**About this task:**
Reproduce the records below exactly; the images should not appear.

**Information supplied:**

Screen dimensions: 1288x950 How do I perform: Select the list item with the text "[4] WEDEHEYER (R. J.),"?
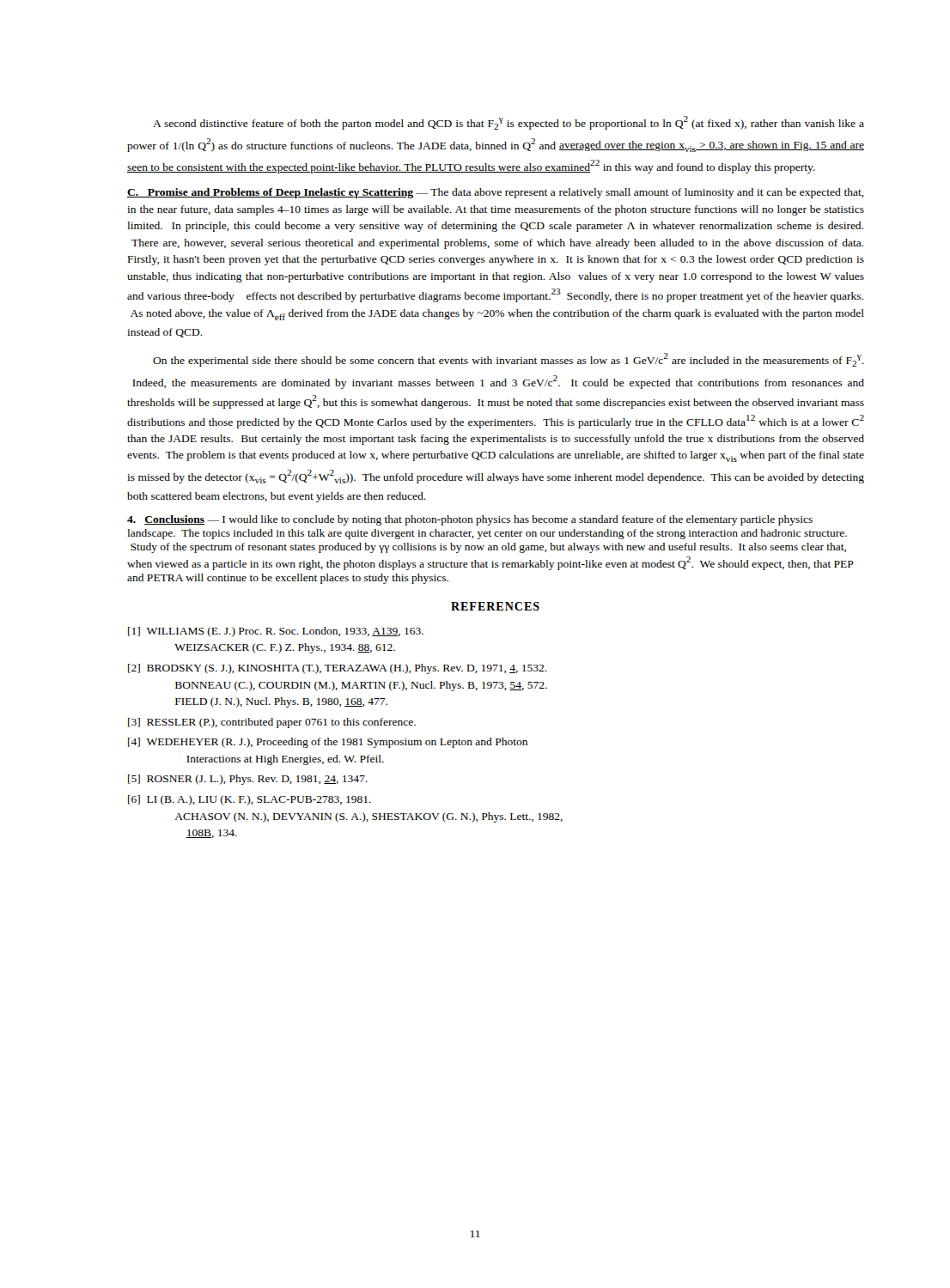(x=327, y=750)
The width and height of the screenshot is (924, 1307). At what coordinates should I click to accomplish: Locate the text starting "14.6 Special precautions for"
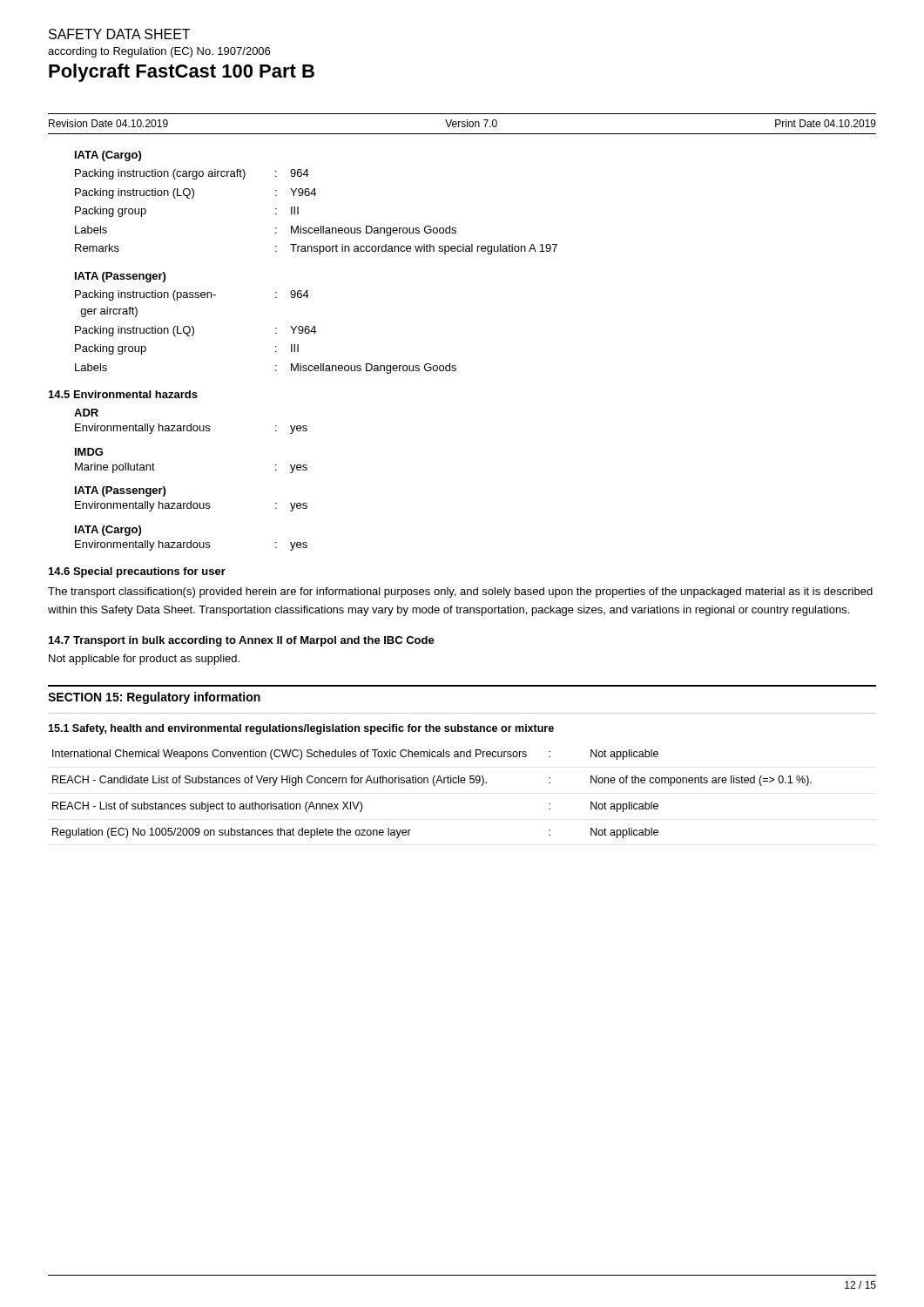(137, 571)
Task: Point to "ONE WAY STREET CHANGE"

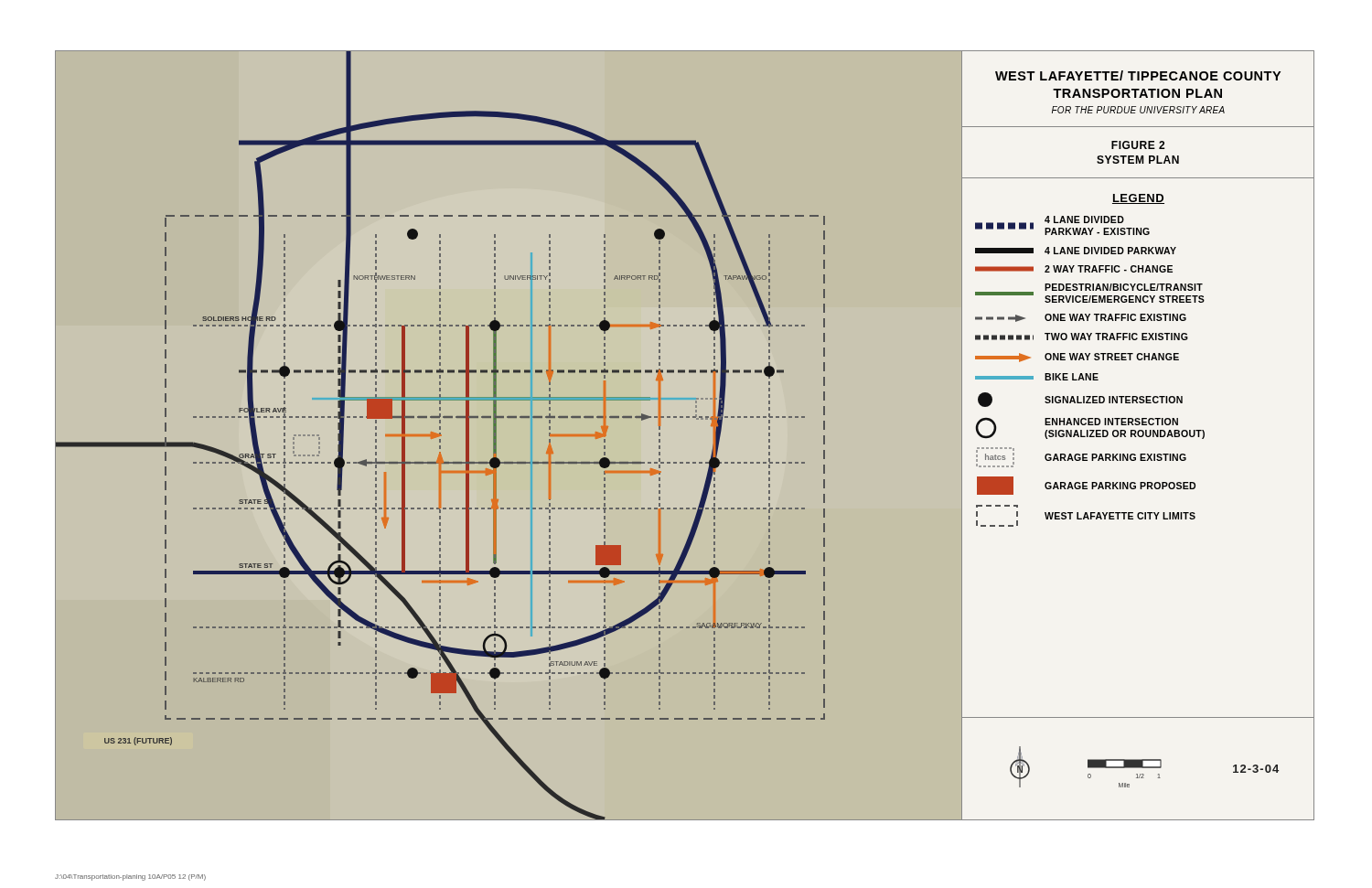Action: click(x=1077, y=358)
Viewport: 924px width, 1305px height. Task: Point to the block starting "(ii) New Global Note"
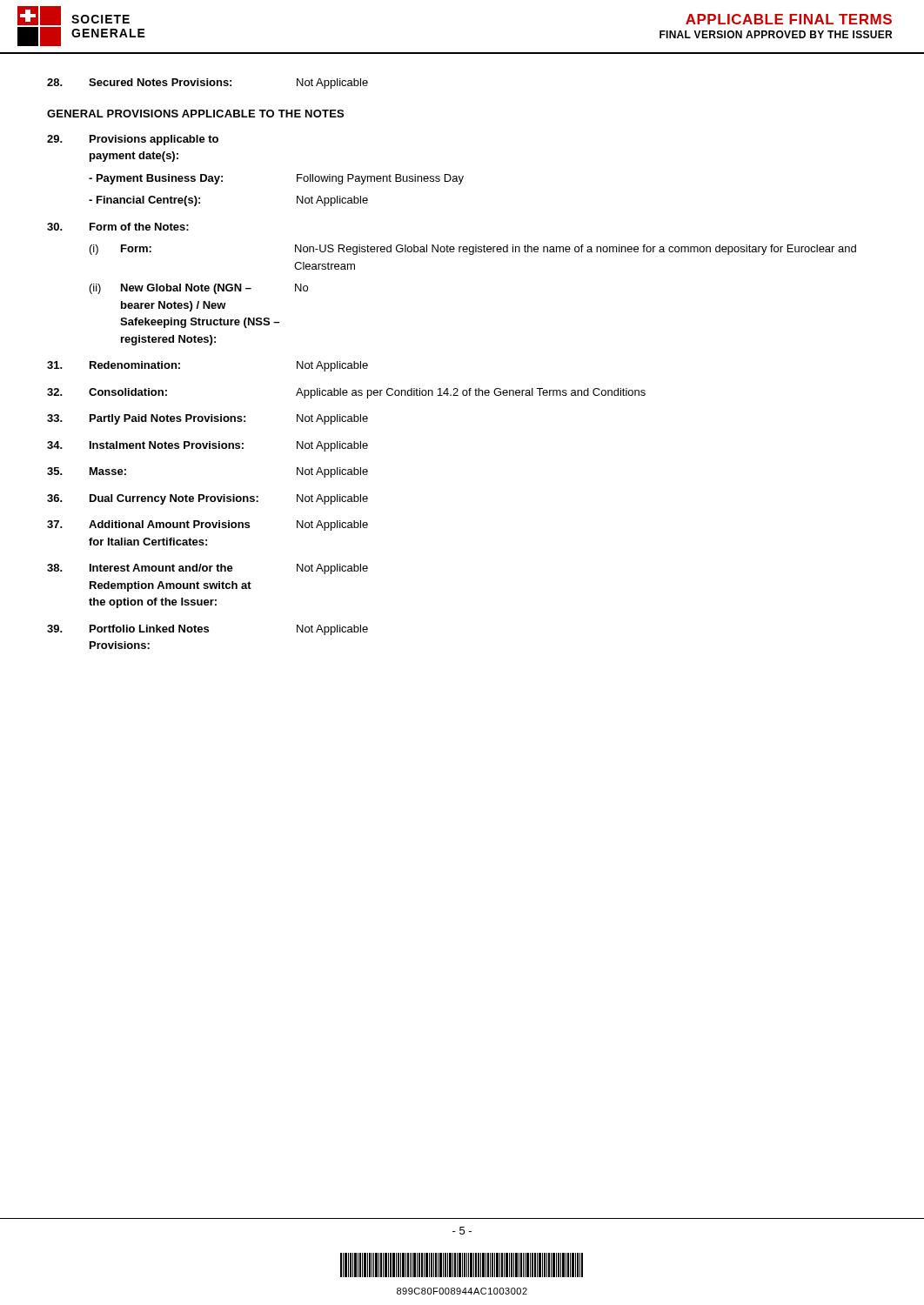199,289
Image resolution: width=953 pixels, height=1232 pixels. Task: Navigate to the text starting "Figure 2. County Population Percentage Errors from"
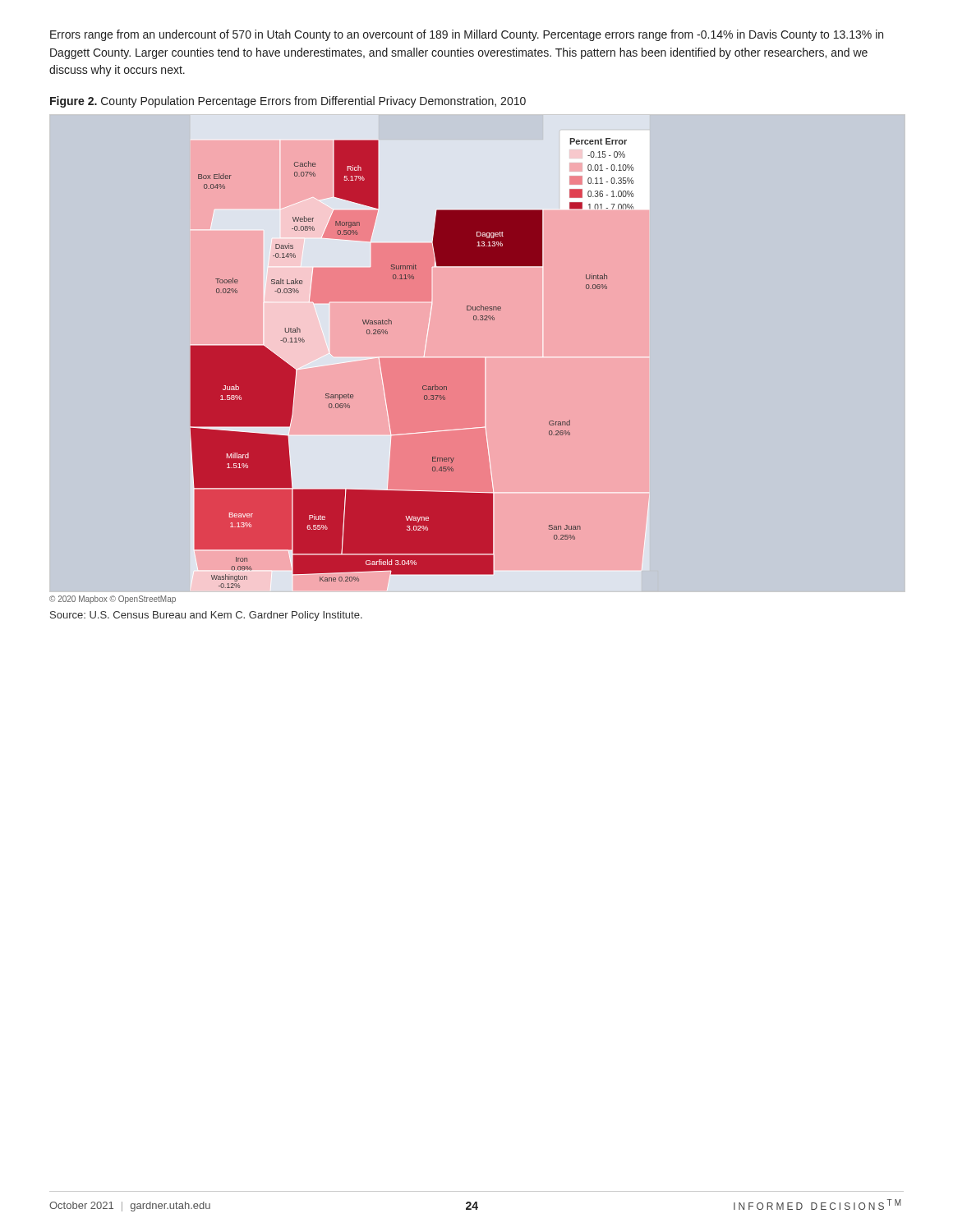click(288, 101)
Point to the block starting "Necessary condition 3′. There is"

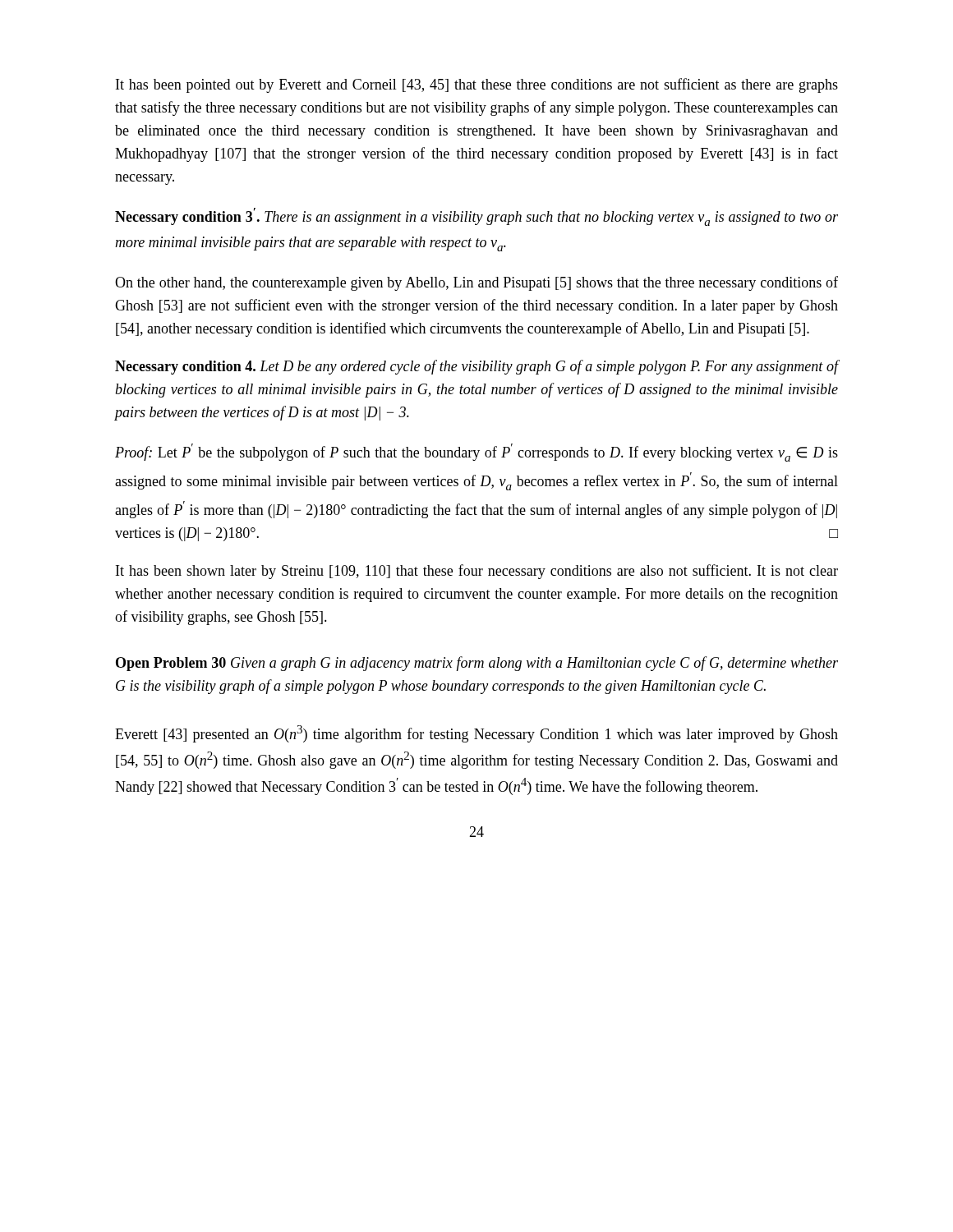pos(476,230)

**Response below:**
Screen dimensions: 1288x950 How do I perform: Select the list item with the text "[4] WEDEHEYER (R. J.),"?
(x=327, y=750)
The width and height of the screenshot is (924, 1307). At what coordinates should I click to accomplish: Locate the text starting "14.6 Special precautions for"
(137, 571)
Task: Point to "ONE WAY STREET CHANGE"

Action: click(x=1077, y=358)
Viewport: 924px width, 1305px height. Task: Point to the block starting "(ii) New Global Note"
199,289
Image resolution: width=953 pixels, height=1232 pixels. Task: Navigate to the text starting "Figure 2. County Population Percentage Errors from"
click(288, 101)
Point to the block starting "Necessary condition 3′. There is"

pos(476,230)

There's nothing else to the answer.